I'm at Lance and Sheri's and I'm taking advantage of their well-appointed kitchen to try out a new recipe that could never have been assembled in the mere hour (and very few dirty dishes, with very little messy cleanup) that it took here. It's a thai tomato fish stew, but I have gone and changed the ingredients.
Here's my soup:
1/2 onion, chopped
1 tablespoon oil
Fry onion in oil in a BIG soup pot until tender. Add:
2 celery stalks, diced fine
2 leeks, chopped, whites and pales only
Enjoy rocking the heavy, beautifully sharp blade back and forth on the veggies. Maybe say, "How you like my Julia Child style, bitches?" in a high-pitched voice. Mix and cook down 2-3 minutes. Add:
3 red peppers, chopped (I didn't bother chopping fine)
1/2 tub sliced mushrooms
1 small head broccoli, chopped fine
Mix and cook. Realise you have:
1 eggplant, cut in big pieces that probably won't go in your mouth too easily until they cook down
That you really love in curries so throw it in. Cook until you realize that eggplant isn't getting any smaller, so you add:
1 big can diced tomatoes in juice
Realize it may not have been quite enough, but this is a stew and it's from Thailand, where there are how many tomatoes in the diet? Shrug and open:
2 cans of coconut milk, full-fat
Realize this stuff is serious. It is like icing in a can. It tastes like coconut icing in a can because you poke your finger around the lid and go all Gollum on the coconut saturated fat madness.
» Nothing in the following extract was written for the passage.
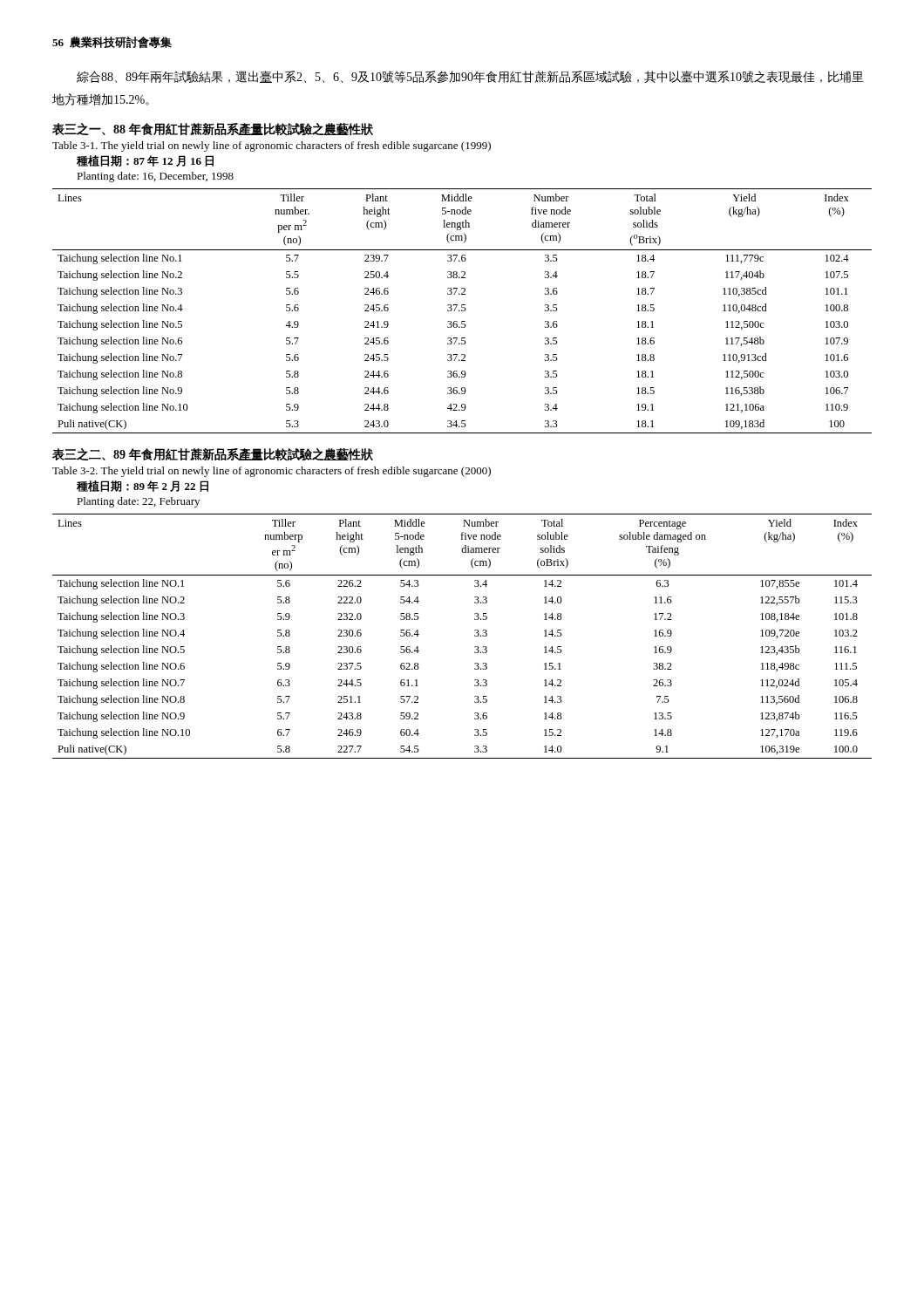
Task: Select the region starting "表三之二、89 年食用紅甘蔗新品系產量比較試驗之農藝性狀"
Action: pyautogui.click(x=212, y=455)

Dump them into the soup pot. Realize the fatty sweet goodness isn't coming out of the can. Think briefly about forgetting the stew and eating the contents of the can whole. Feel like a glutton for thinking that. Take the spoon that has been stirring the soup and dig it into the coconut milk cans to get tomato bits on it so it won't taste good or be appetizing anymore. Realize the coconut milk isn't all coming out. Use the super-handy pot filler over Lance and Sheri's stove to try to rinse some of the coconut milk out of the can. Realize it is all fat and isn't going anywhere. Shrug and use your finger ostensibly to empty out the last remnants of sweet, beach-y coconut milk but really cram it in your mouth like there's no tomorrow.
Mix the soup.
Now, chop up:
1 1/2 pound boneless chicken, or white fish like perch or halibut, if you prefer.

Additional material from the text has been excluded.